Rent seeking is defined as the practice of manipulating public policy or economic conditions as a strategy for increasing profits. Rent-seeking lobbyists or cronyism and rent-seeking have become an integral part of the way our biggest companies do business. Rent-seeking results in reduced economic efficiency through poor allocation of resources, reduced actual wealth creation, lost government revenue, increased income inequality, and national decline. The classic example of rent-seeking is that of a feudal lord who installs a chain across a river that flows through his land and then hires a collector to charge passing boats a fee to lower the chain.
  • Rent-seeking often requires spending your own resources so that you can own someone else’s surplus in the end. 
  • Weak property rights allows rent seekers gain more by trying to appropriate that wealth than by producing themselves. 
  • Rent-seeking can include piracy, lobbying the government or even just giving away money.
  • Hired lobbyists sway public policy to benefit their companies and punish their competitors. The work of lobbyists does not add value to the larger marketplace. Stable property rights would have eliminated role for lobbyists.
  • Rent-seeking doesn’t add any national value. Rent-seeking is coerced trade and benefits only one side. 
  • Rent-seeking of pirates motivates merchants to spend their resources to prevent the theft.
  • Rent-seeking never encourages productivity. 
  • The production of valuable goods and services is maximized with strong property rights. In strong economy, there are fewer incentives for rent-seeking.
  • Weak economic times make it difficult to produce and rent-seeking becomes attractive.
  • Downward spiraling gets created because the rewards of rent-seeking are often constant. 
  • In poor economy, the burden of fixed rent-seeking costs on producers drives surpluses even lower and makes rent-seeking more attractive, which in turn burdens those who remain productive.
  • Much rent-seeking is redistributing the surplus of one group to another group via the government. There might be great incentives for one group to seek another’s surplus but there is no added value for society as a whole.
  • Rent-seeking is a normal impulse. Much of what we do in wealth management is rent-seeking. We practice tax management and look for ways to reduce government-legislated rent-seeking.
  • Tax planning doesn’t add value to society as a whole, but it is personally profitable.
  • Any legislation to subsidize or bail out struggling businesses is rent-seeking. 
  • When banks take excessive risks to gain excessive returns, they are risking that the returns will be worth the hazards involved. But when government bails out these risky banks, they were able to privatize any profits from their risky ventures and through rent-seeking and they have managed to coerce the public to pay for their failures. Thus prudent lenders are punished and reckless lending is rewarded.
  • A wasteful amount of rent-seeking accompanies most government spending. The best way to improve the situation is to reduce the size of government. When there is less money, there will be less corruption and less incentive to rent-seek.
ENTREPRENEURSHIP AND RENT SEEKING IN INDIA by Roby Rajan  - CATO Journal

In India, governmental intervention only creates further rent-seeking opportunities and still further resource diversion into unproductive activities. The tax base in such a society is generated by the losers in the rent-seeking game who are forced into value-producing activity at governmentally depressed rates of return. These shopkeepers, cultivators, masons, carpenters, construction workers, agricultural laborers, and so forth are forced into market activity, and their consumption is then heavily taxed to meet the rent requirements of government job /contract seekers. The rents procured, therefore, are usually invested in personal assets—such as automobiles, ostentatious housing, gold and silver jewelry, children’s education, and savings bank accounts—in amounts that reflect individual marginal rates of substitution between current and future consumption. 

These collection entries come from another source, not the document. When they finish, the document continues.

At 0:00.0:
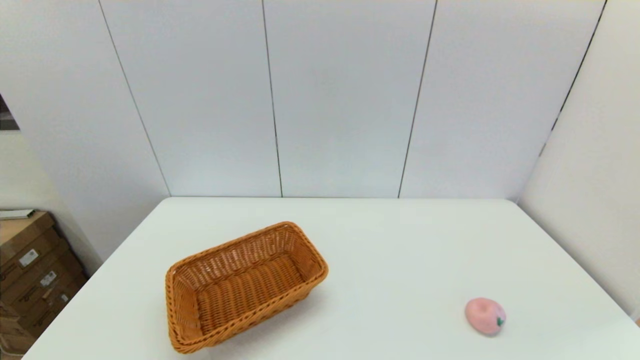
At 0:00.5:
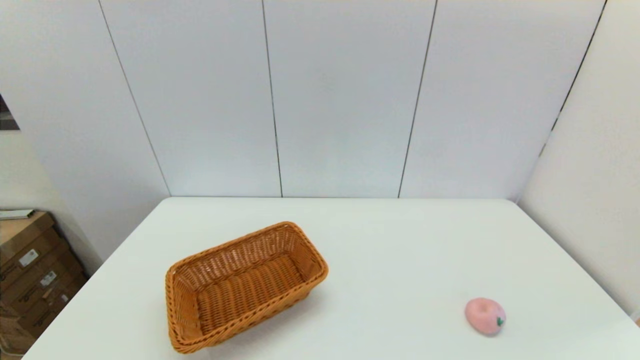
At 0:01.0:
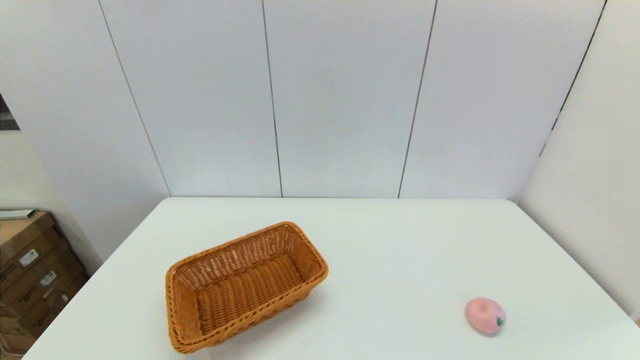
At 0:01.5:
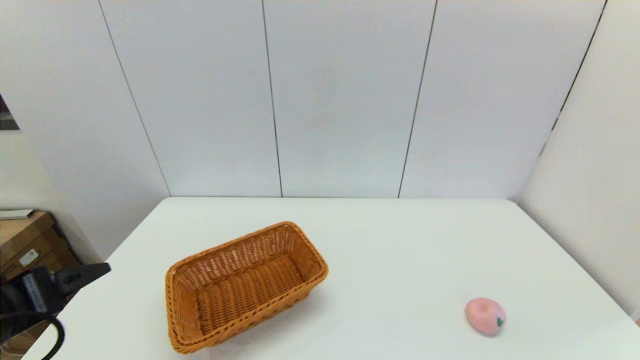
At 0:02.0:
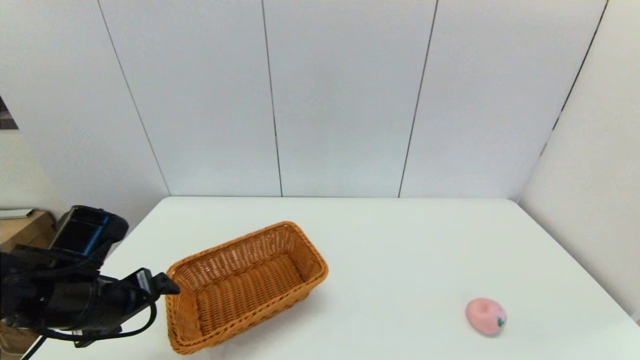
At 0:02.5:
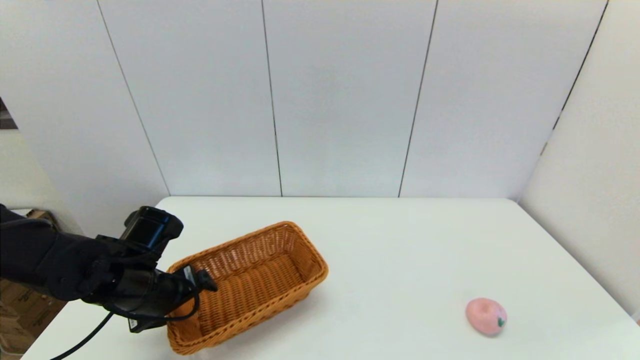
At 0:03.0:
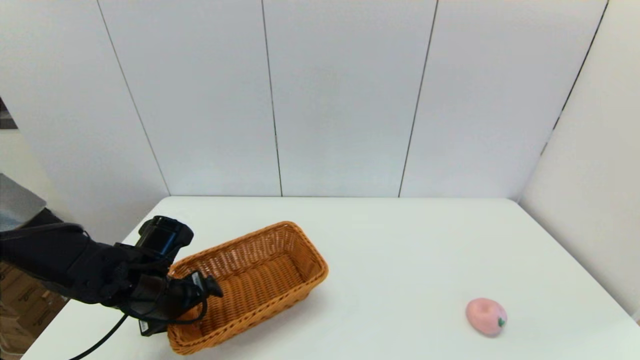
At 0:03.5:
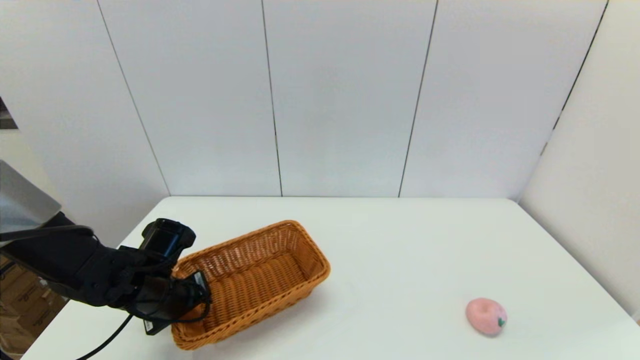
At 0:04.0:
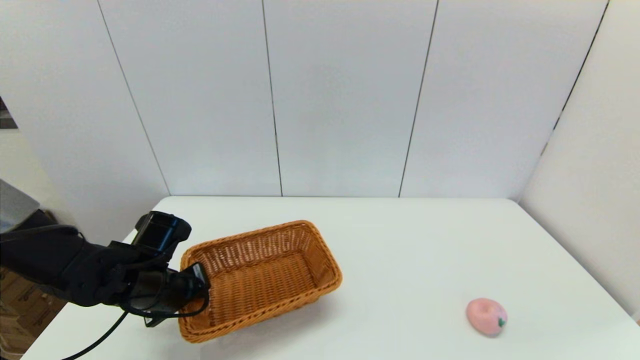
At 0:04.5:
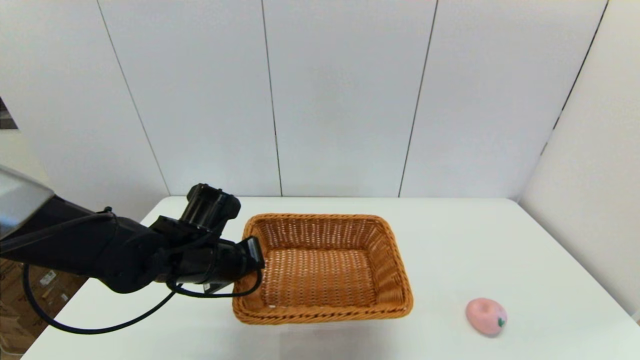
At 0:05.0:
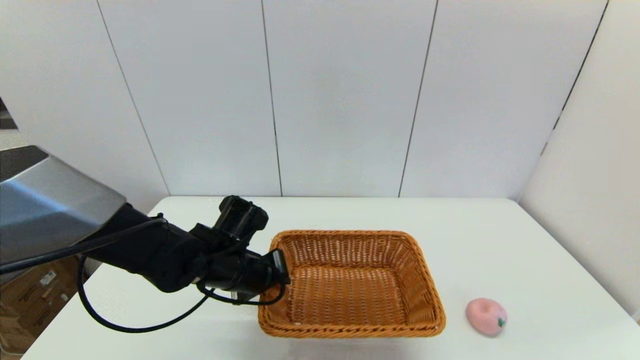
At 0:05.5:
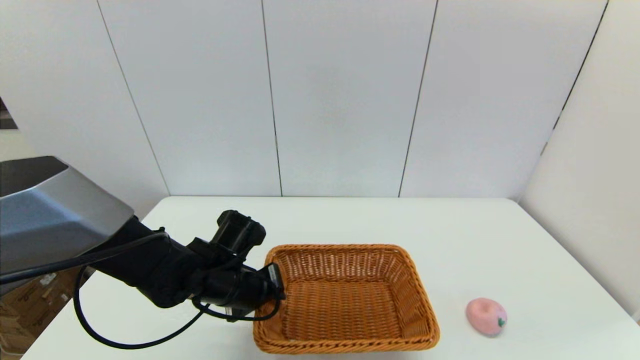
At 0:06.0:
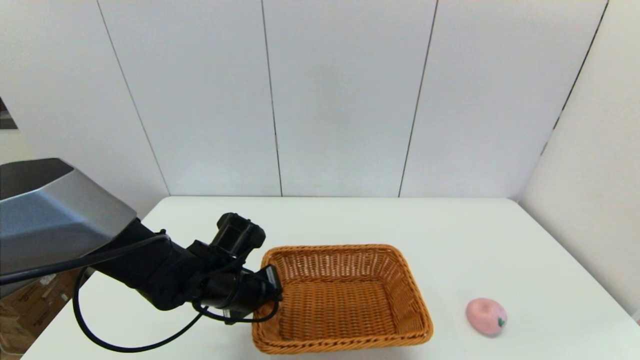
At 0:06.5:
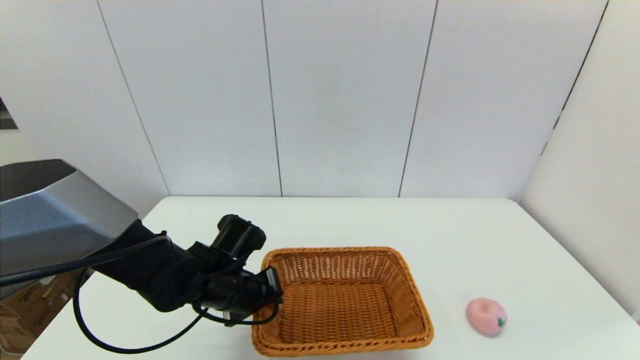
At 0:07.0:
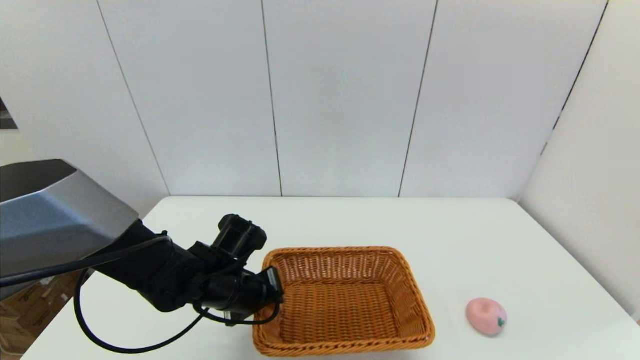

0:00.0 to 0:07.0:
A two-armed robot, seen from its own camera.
Step, 0:00.0 to 0:03.5: Grasp the light basket with the left gripper.
0:00.0 to 0:02.0: The left gripper travels forward by some 25 cm.
0:02.0 to 0:03.5: The left gripper heads downward and forward, covering about 10 cm, and closes up.
0:03.5 to 0:05.0: The left gripper heads to the right, covering approximately 10 cm.
0:05.0 to 0:07.0: The grippers make only small movements.

Any proposal for reform must drastically reduce the magnitudes of these rents. While this may seem to imply steep reductions in government salaries and perquisites, such a step alone may only exacerbate the problem as office holders try to compensate for lost income through increased bribery, extortion, and obstruction. The more significant component of the rents is lodged in the discretionary powers attaching to public offices. Especially important among these are the extraction of bribes for permits, licenses, and the awarding of government contracts; opportunities for theft of public assets; and threats of job nonperformance. Failing the drastic curtailment of these discretionary powers, rent-seeking losses will continue to be significant. Although the theory of rent seeking dictates random allocation as the solution, it also predicts that it is the solution least likely to be adopted by the political/ bureaucratic process. 

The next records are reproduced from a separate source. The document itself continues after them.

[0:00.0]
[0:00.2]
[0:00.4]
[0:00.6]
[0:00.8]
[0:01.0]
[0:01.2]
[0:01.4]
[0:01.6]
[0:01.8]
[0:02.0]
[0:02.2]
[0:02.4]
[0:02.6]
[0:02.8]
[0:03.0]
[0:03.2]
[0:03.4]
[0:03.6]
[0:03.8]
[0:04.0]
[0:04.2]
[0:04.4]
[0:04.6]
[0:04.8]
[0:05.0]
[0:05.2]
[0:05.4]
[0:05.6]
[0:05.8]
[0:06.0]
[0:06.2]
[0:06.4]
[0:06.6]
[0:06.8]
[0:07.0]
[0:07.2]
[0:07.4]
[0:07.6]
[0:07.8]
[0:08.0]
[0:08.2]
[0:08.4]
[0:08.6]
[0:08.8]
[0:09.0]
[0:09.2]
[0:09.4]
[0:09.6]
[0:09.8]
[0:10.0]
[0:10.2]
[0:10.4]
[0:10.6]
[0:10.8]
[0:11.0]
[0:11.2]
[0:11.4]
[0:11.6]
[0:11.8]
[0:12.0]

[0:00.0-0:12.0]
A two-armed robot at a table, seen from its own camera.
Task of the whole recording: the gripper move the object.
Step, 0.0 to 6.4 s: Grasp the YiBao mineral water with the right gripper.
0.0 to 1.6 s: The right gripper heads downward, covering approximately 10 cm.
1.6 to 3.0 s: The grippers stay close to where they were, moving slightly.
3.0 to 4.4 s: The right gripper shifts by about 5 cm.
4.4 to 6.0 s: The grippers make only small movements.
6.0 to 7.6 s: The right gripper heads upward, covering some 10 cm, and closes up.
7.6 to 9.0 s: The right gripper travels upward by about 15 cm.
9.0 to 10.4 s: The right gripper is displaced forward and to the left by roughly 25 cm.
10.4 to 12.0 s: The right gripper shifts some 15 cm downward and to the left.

No good man has ever made fortune in this world.

Honesty is incompatible with amassing a large fortune - Mahatma Gandhi 

Amassing of wealth is associated with exploitation of people or 
looting governments or destruction of ecological assets.

My View:
Most rich people on this planet are rent seekers, either legally or morally, at some point of time or other. In India they are in very large numbers. There is no rich man who hasn't visited power corridors seeking favors and doling out bribes for their enrichment at the expense of others. Ambani is an exceptional expert in these matters. Ambani's riches are primarily due to their ability to extract favours worth crores by doling out few lakhs destroying their competitors. Banks NPAs in excess of Rs.Ten lakh crores threatening nation's economic collapse is a glaring example. the stories are endless. The proposed BTT (Banking transaction tax) is glaring example of government's rent seeking activity only take away public wealth with no return of any tangible benefit to people. Modi in the name of demonetization is expanding government and unleashed police & inspector raj and our heading southwards is unstoppable. Modi's utterances of all pain now and gain in long run is unacceptable nonsense.